Gerona volvió su mirada hacia aquellos plátanos milenarios, que en cierto modo parecían carbonizados también. Aquel VIVA -al que siguieron otros, en otros lugares- incrustados en negro, causó una nueva y fortísima conmoción, sobre todo porque se interfirió entre los MUERAS que continuaban escribiendo en los árboles vecinos y en las paredes los obreros en paro forzoso. Los falangistas también elegían la noche para trabajar, pues las rondas ahora se hacían en las montañas. Recorrían las calles también con su fe, con idénticos botes de pintura, idéntico carbón. De momento no hubo encuentro bajo las estrellas. Sin embargo, mucha gente juzgó que la presencia física de Falange en Gerona era una calamidad peor aún que los incendios. «Así, pues, el de la Tabacalera iba en serio» -decían-. Los voceadores de El Demócrata y El Proletario vigilaban las esquinas, esperando recibir de un momento a otro un ladrillo en la cabeza.
Luego, salieron los primeros folletos. En sábado, día de mercado, los seis falangistas se colocaron estratégicamente y repartieron los primeros folletos de Falange, con las flechas en la parte superior. «No se trata de fumadores que echan colillas, como cree el señor Alcalde.
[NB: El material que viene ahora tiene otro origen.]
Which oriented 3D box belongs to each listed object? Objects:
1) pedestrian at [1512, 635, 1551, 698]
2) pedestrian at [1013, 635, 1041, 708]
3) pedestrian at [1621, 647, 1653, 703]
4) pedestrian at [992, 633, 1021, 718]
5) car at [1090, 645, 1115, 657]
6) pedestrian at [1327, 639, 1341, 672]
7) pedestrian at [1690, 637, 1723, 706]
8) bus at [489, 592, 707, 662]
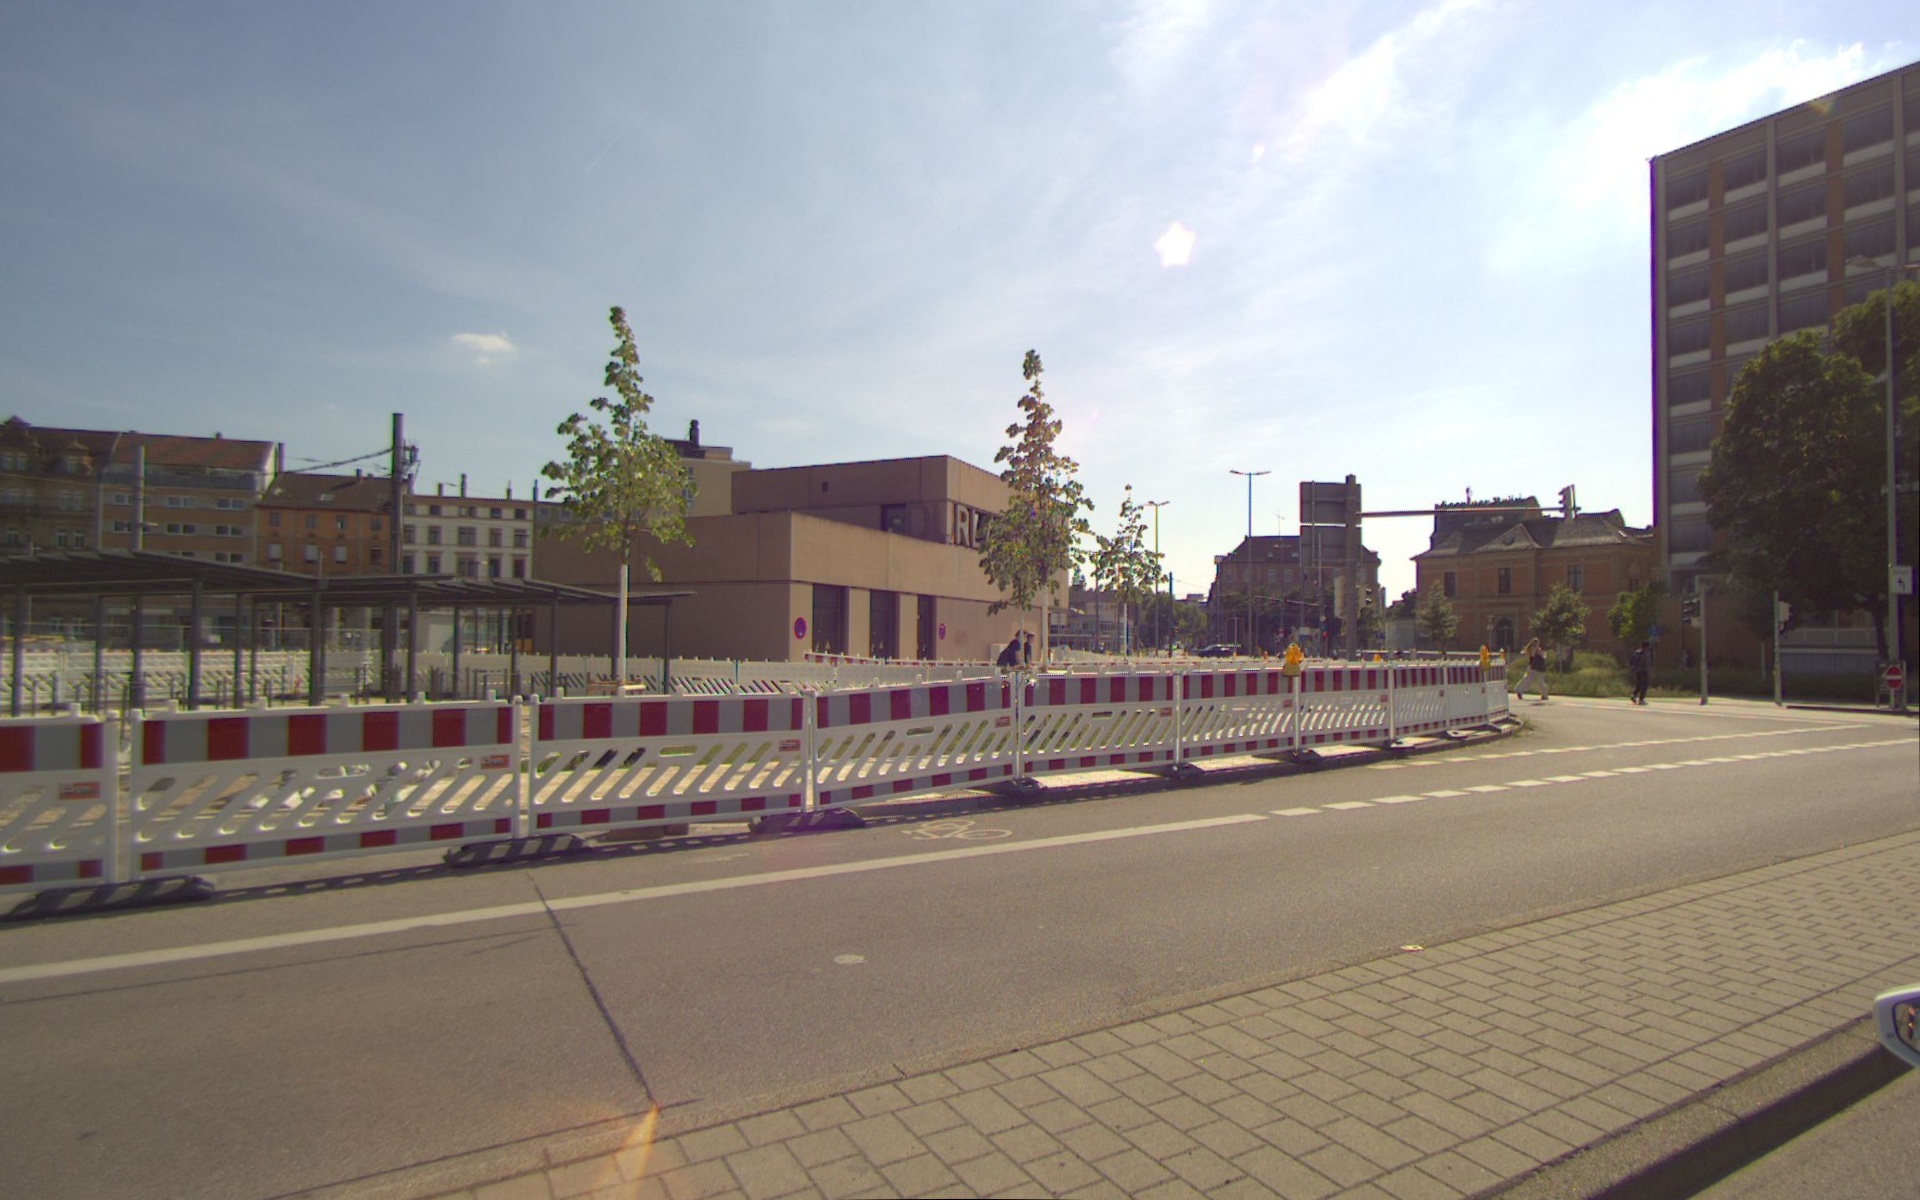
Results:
[{"bbox_3d":[16.599,1.931,29.167,0.728,1.775,1.104,-2,-5,44],"label":"pedestrian"},{"bbox_3d":[1.608,1.707,24.051,0.559,1.731,0.539,1,-2,-9],"label":"pedestrian"},{"bbox_3d":[18.778,2.068,27.873,0.624,1.511,0.613,-2,-3,44],"label":"pedestrian"},{"bbox_3d":[1.079,1.740,23.343,0.595,1.940,0.441,1,-2,-9],"label":"pedestrian"},{"bbox_3d":[22.074,7.918,155.413,3.973,1.739,1.630,3,-4,-44],"label":"car"},{"bbox_3d":[22.928,3.402,61.655,0.514,2.040,0.626,1,-2,-18],"label":"pedestrian"},{"bbox_3d":[22.609,2.151,30.418,0.604,2.040,0.687,2,-1,23],"label":"pedestrian"},{"bbox_3d":[-18.764,1.529,53.595,2.808,3.324,12.650,-1,-2,25],"label":"bus"}]

Los bosques arden porque la gente sufre, odia, y quien odia enciende las cerillas con sólo mirarlas.» Otros explicaban que la gente que sufría eran los obreros parados, u otros que trabajaban, pero con sed de justicia y Patria. Otros prospectos decían que en España morían los bosques -y con ellos los pájaros- porque desde muchísimos años los gobiernos no conseguían encender en el alma de los españoles una ilusión viva y única. En los centros de derechas se repartieron unas octavillas especiales, diciendo que «cada español debía ser mitad monje, mitad soldado».
Los folletos causaron asombro. Los obreros decían: «Hacen como los curas, dicen que nos quieren mucho». Cosme Vila extendió un ejemplar de cada texto sobre la mesa de trabajo y comentó: «Estos tíos no son tontos».
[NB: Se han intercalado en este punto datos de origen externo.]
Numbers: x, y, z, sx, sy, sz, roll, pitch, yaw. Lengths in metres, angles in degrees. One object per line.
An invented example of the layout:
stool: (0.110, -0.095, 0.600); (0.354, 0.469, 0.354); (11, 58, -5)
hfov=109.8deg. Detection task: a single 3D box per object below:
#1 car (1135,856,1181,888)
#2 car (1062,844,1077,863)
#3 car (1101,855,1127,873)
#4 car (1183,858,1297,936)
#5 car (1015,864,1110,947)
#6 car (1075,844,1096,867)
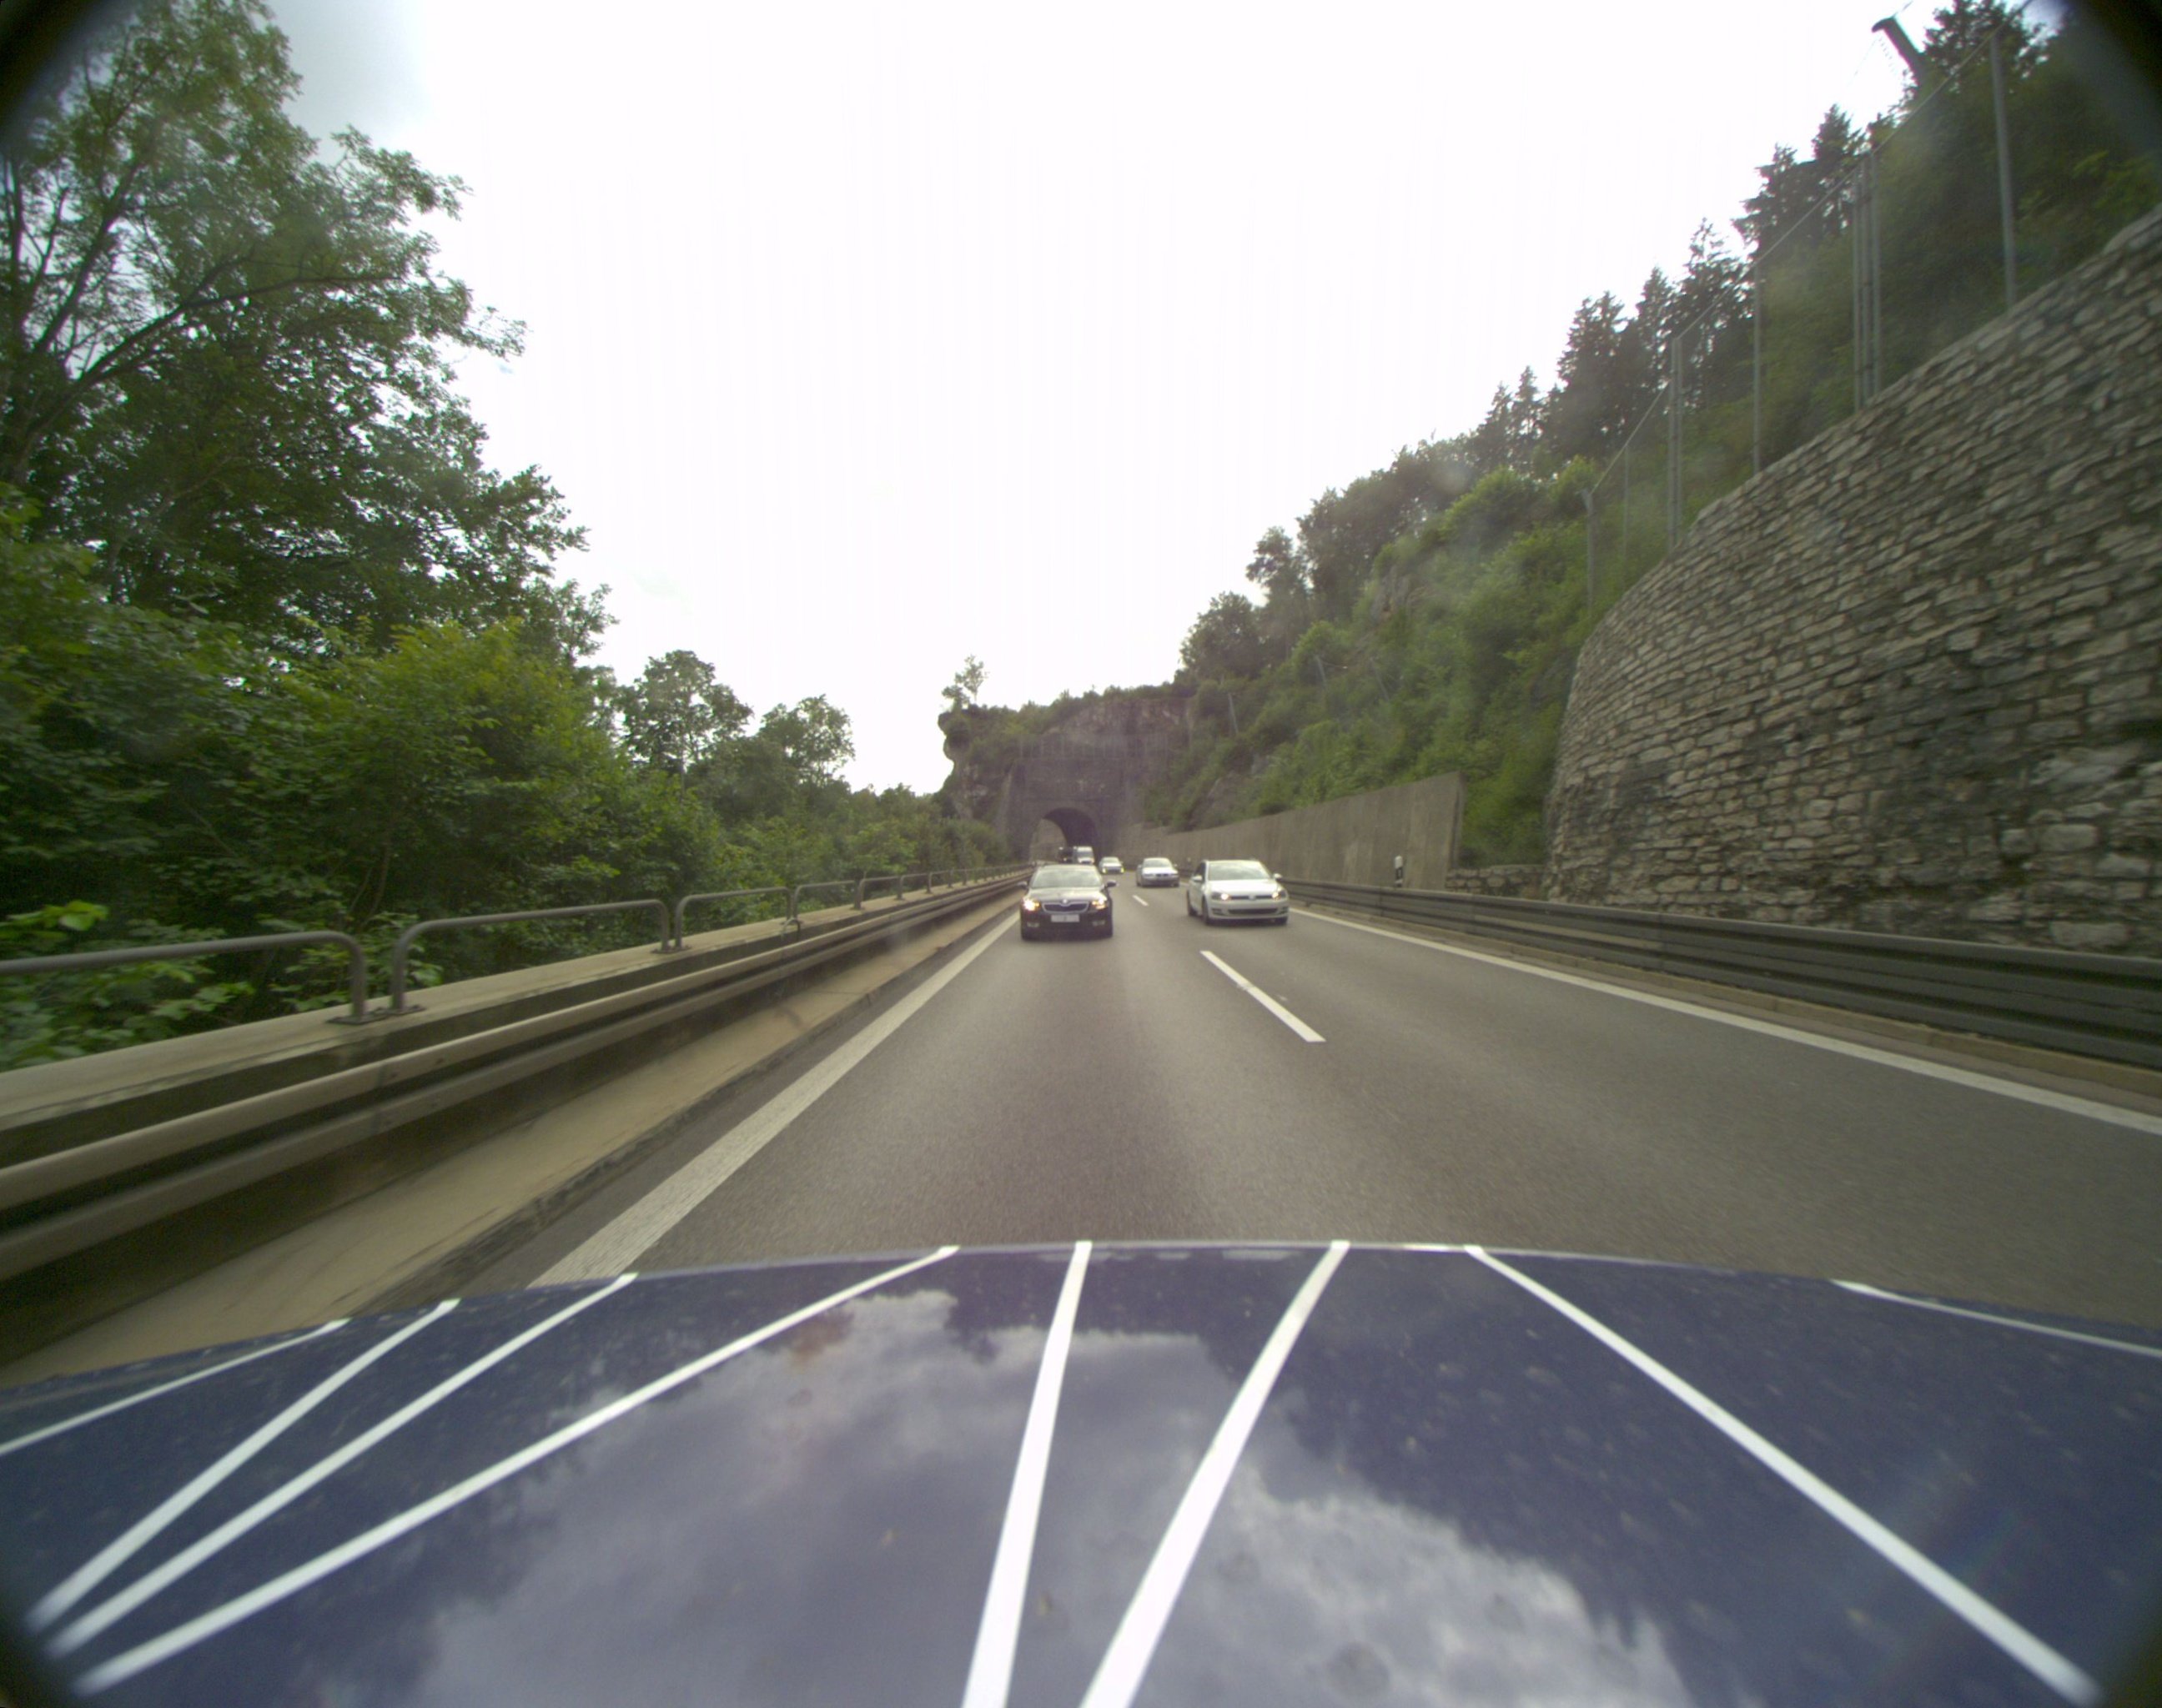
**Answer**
car: (3.854, 0.875, 38.951); (1.832, 1.448, 5.135); (-2, 0, 0)
car: (-1.594, -0.084, 105.021); (1.869, 2.444, 4.981); (-3, 2, -1)
car: (2.848, 0.876, 66.124); (1.923, 1.452, 4.230); (-2, 0, -2)
car: (3.563, 0.895, 17.841); (1.849, 1.473, 4.628); (-1, 1, 2)
car: (-0.299, 0.964, 16.071); (1.677, 1.418, 4.473); (-2, 0, 1)
car: (0.459, 0.125, 86.085); (1.869, 2.444, 4.980); (-3, 2, -5)

Benito Civil se había apostado a la salida de la estación de modo que su público se compuso casi exclusivamente de gente de los pueblos. Payeses con gorra y faja, que al ver las flechas preguntaban: «¿Esto qué es?», y que al leer lo de encender las cerillas con sólo mirarlas creían que se trataba de una nueva marca de la Arrendataria. Algún muchacho joven susurró, en voz baja: «Son los fascistas». Y aquellas palabras le valieron a Benito miradas cuya significación se le escapó. Mateo cuidó de los barrios obreros y pobres; Octavio pasó por oficinas y Bancos; el hijo del doctor Rosselló, Roca y Conrado Haro ocuparon el centro, sobre todo la Rambla.
Fue verdaderamente un mes pletórico. Los daños causados por los incendios eran incalculables, y mucha gente negaba que se tratara de sabotajes. «No hay nadie capaz de hacer una cosa así.» Mosén Francisco y los chicos del Catecismo vieron uno de los incendios ya desde Francia, al regreso de Perpiñán de cantar «Frère Jacques». «Nuestra Patria está ardiendo», pensó el joven sacerdote. A los muchachos nunca les había parecido tan maravillosa una montaña; por su parte mosén Alberto creía firmemente que los falangistas no eran ajenos a aquello. «Habría que vigilarlos», le decía al notario Noguer.